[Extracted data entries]
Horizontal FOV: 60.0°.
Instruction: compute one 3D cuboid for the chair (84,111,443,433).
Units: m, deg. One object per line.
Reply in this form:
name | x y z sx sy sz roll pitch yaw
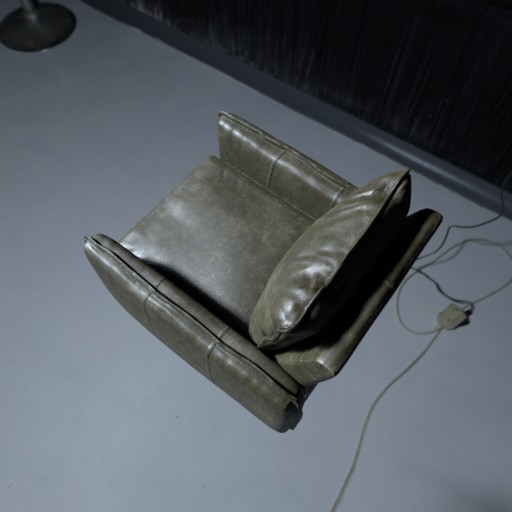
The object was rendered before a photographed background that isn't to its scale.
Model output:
chair | 0.000 0.000 1.590 0.921 0.921 0.830 34 68 16
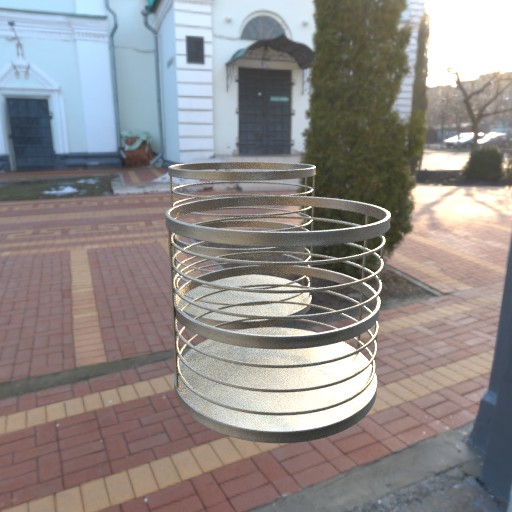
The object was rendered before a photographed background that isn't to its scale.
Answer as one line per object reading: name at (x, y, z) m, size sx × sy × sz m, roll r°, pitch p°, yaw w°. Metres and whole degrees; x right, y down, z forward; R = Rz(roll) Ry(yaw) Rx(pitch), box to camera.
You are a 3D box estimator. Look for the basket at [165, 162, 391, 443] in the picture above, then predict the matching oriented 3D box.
basket at (0.000, 0.000, 0.938) m, size 0.356 × 0.351 × 0.746 m, roll -3°, pitch 15°, yaw -10°

[PROBLEM]
Exactly as they appear, retype the lines from the start of the records through the line containing "name | x y z sx sy sz roll pitch yaw".

[OUTPUT OF THE TASK]
Horizontal FOV: 60.0°.
Instruction: compute one 3D cuboid for the chair (84,111,443,433).
Units: m, deg. One object per line.
Reply in this form:
name | x y z sx sy sz roll pitch yaw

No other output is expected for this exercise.